◆ **The problem**
Leaving out the pictures, return word for word the stretch of entries below from the line holding "What messages or" through the line holding "What is the highest".
[Material supplied — start]
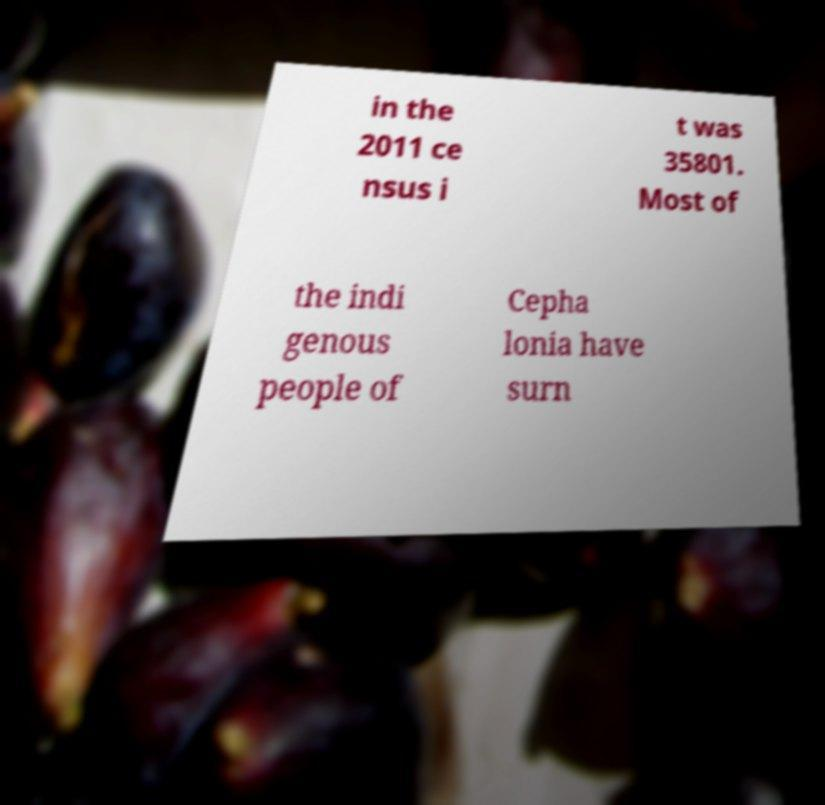For documentation purposes, I need the text within this image transcribed. Could you provide that? in the 2011 ce nsus i t was 35801. Most of the indi genous people of Cepha lonia have surn 
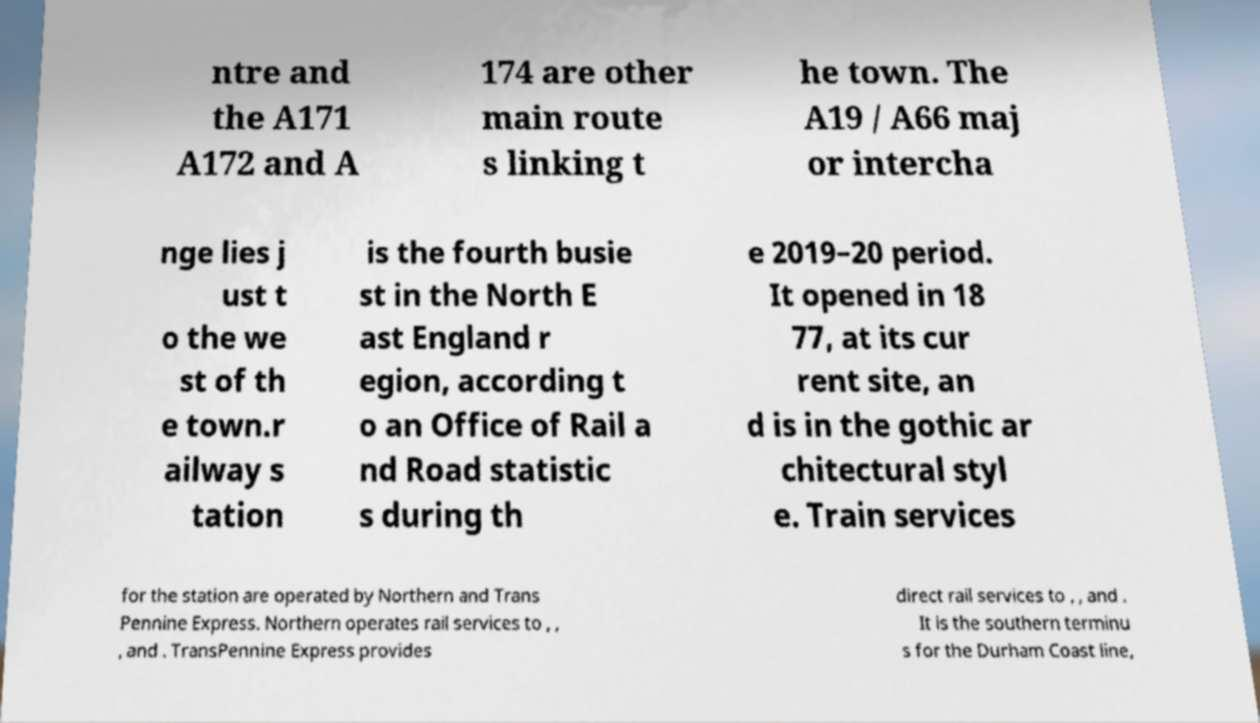There's text embedded in this image that I need extracted. Can you transcribe it verbatim? ntre and the A171 A172 and A 174 are other main route s linking t he town. The A19 / A66 maj or intercha nge lies j ust t o the we st of th e town.r ailway s tation is the fourth busie st in the North E ast England r egion, according t o an Office of Rail a nd Road statistic s during th e 2019–20 period. It opened in 18 77, at its cur rent site, an d is in the gothic ar chitectural styl e. Train services for the station are operated by Northern and Trans Pennine Express. Northern operates rail services to , , , and . TransPennine Express provides direct rail services to , , and . It is the southern terminu s for the Durham Coast line, 
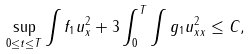Convert formula to latex. <formula><loc_0><loc_0><loc_500><loc_500>\sup _ { 0 \leq t \leq T } \int f _ { 1 } u _ { x } ^ { 2 } + 3 \int _ { 0 } ^ { T } \int g _ { 1 } u _ { x x } ^ { 2 } \leq C ,</formula> 
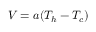<formula> <loc_0><loc_0><loc_500><loc_500>V = a ( T _ { h } - T _ { c } ) \,</formula> 
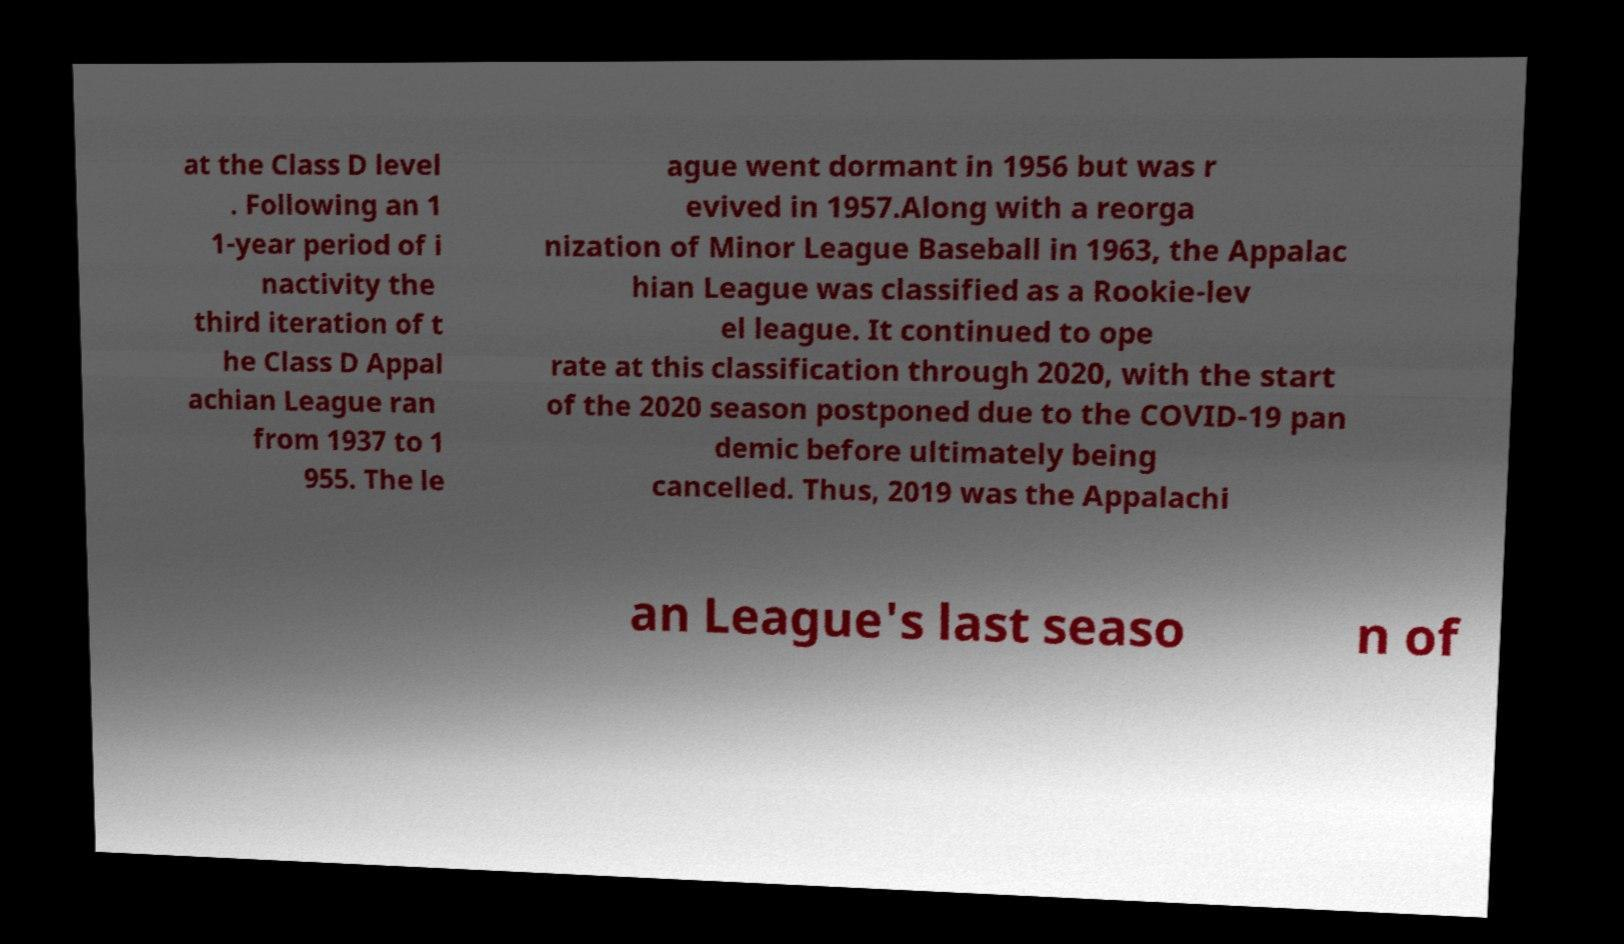What messages or text are displayed in this image? I need them in a readable, typed format. at the Class D level . Following an 1 1-year period of i nactivity the third iteration of t he Class D Appal achian League ran from 1937 to 1 955. The le ague went dormant in 1956 but was r evived in 1957.Along with a reorga nization of Minor League Baseball in 1963, the Appalac hian League was classified as a Rookie-lev el league. It continued to ope rate at this classification through 2020, with the start of the 2020 season postponed due to the COVID-19 pan demic before ultimately being cancelled. Thus, 2019 was the Appalachi an League's last seaso n of 
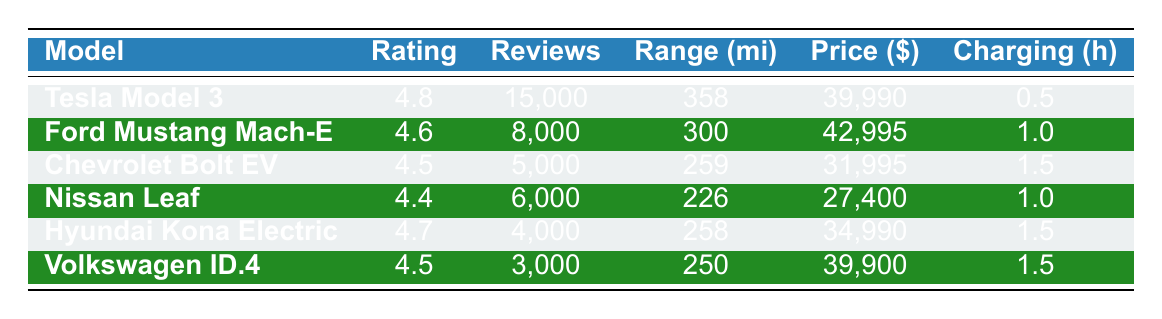What is the highest consumer rating among the listed electric car models? The consumer ratings for each model are as follows: Tesla Model 3 (4.8), Ford Mustang Mach-E (4.6), Chevrolet Bolt EV (4.5), Nissan Leaf (4.4), Hyundai Kona Electric (4.7), and Volkswagen ID.4 (4.5). The highest rating is 4.8 from the Tesla Model 3.
Answer: 4.8 Which electric car has the longest range? The range for each model is: Tesla Model 3 (358 miles), Ford Mustang Mach-E (300 miles), Chevrolet Bolt EV (259 miles), Nissan Leaf (226 miles), Hyundai Kona Electric (258 miles), and Volkswagen ID.4 (250 miles). The longest range is 358 miles from the Tesla Model 3.
Answer: 358 miles Are there more reviews for the Ford Mustang Mach-E than for the Hyundai Kona Electric? The Ford Mustang Mach-E has 8000 reviews and the Hyundai Kona Electric has 4000 reviews. Since 8000 is greater than 4000, the statement is true.
Answer: Yes What is the price difference between the cheapest and the most expensive electric car models in this table? The cheapest model is the Nissan Leaf at $27,400 and the most expensive is the Ford Mustang Mach-E at $42,995. The price difference is calculated as $42,995 - $27,400 = $15,595.
Answer: $15,595 What is the average consumer rating of the listed electric car models? The consumer ratings are: 4.8, 4.6, 4.5, 4.4, 4.7, and 4.5. To find the average, sum these ratings: 4.8 + 4.6 + 4.5 + 4.4 + 4.7 + 4.5 = 27.5. Divide by the number of models (6): 27.5 / 6 = 4.5833, which rounds to 4.58.
Answer: 4.58 Is there any electric car model in the list that has a charging time of less than 1 hour? The charging times listed are: Tesla Model 3 (0.5 hours), Ford Mustang Mach-E (1 hour), Chevrolet Bolt EV (1.5 hours), Nissan Leaf (1 hour), Hyundai Kona Electric (1.5 hours), and Volkswagen ID.4 (1.5 hours). Since the Tesla Model 3 has a charging time of 0.5 hours, which is less than 1 hour, the answer is true.
Answer: Yes Which model has the lowest starting price and what is that price? The starting prices are Nissan Leaf ($27,400), Chevrolet Bolt EV ($31,995), Hyundai Kona Electric ($34,990), Volkswagen ID.4 ($39,900), Ford Mustang Mach-E ($42,995), and Tesla Model 3 ($39,990). The lowest starting price is from the Nissan Leaf at $27,400.
Answer: $27,400 
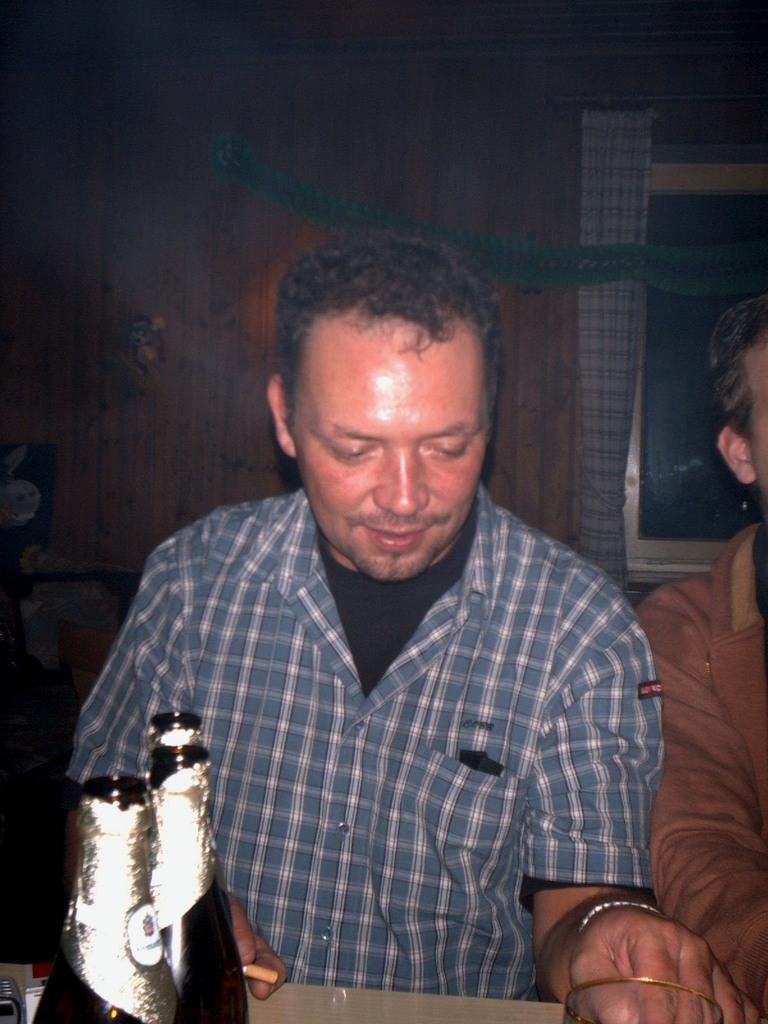Who is present in the image? There is a man in the image. What is located on the table in the image? There are bottles and a glass on the table in the image. What can be seen in the background of the image? There is a wall and a window in the background of the image. Is there any window treatment present in the image? Yes, there is a curtain associated with the window. What is the title of the feast being held in the image? There is no feast present in the image, so there is no title to be determined. 
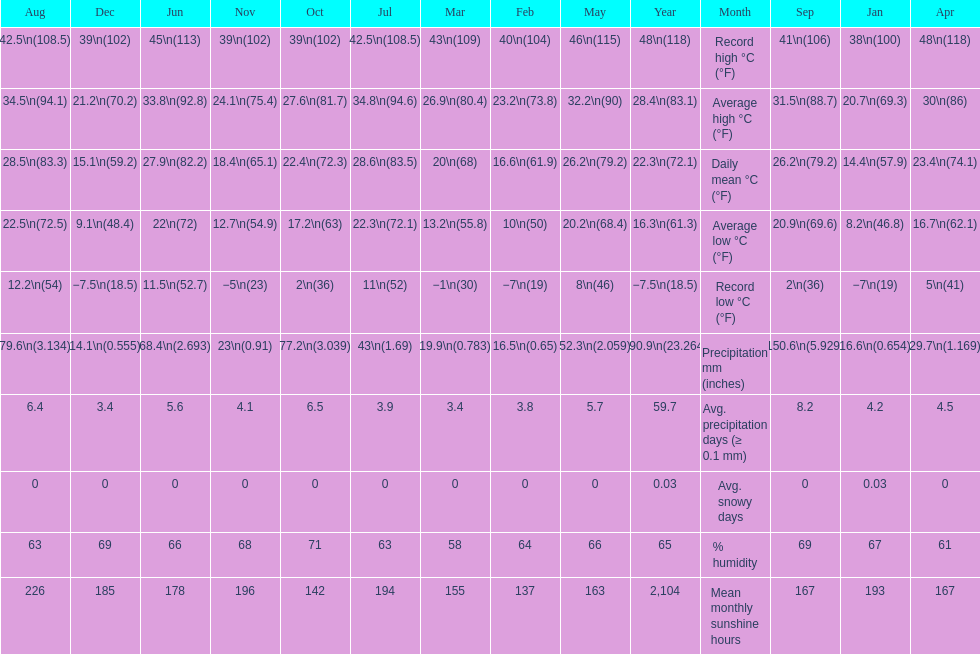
[Material supplied — finish]
◆ **Reply**
What messages or text are displayed in this image? I need them in a readable, typed format. at the Class D level . Following an 1 1-year period of i nactivity the third iteration of t he Class D Appal achian League ran from 1937 to 1 955. The le ague went dormant in 1956 but was r evived in 1957.Along with a reorga nization of Minor League Baseball in 1963, the Appalac hian League was classified as a Rookie-lev el league. It continued to ope rate at this classification through 2020, with the start of the 2020 season postponed due to the COVID-19 pan demic before ultimately being cancelled. Thus, 2019 was the Appalachi an League's last seaso n of 
What is the highest consumer rating among the listed electric car models? The consumer ratings for each model are as follows: Tesla Model 3 (4.8), Ford Mustang Mach-E (4.6), Chevrolet Bolt EV (4.5), Nissan Leaf (4.4), Hyundai Kona Electric (4.7), and Volkswagen ID.4 (4.5). The highest rating is 4.8 from the Tesla Model 3.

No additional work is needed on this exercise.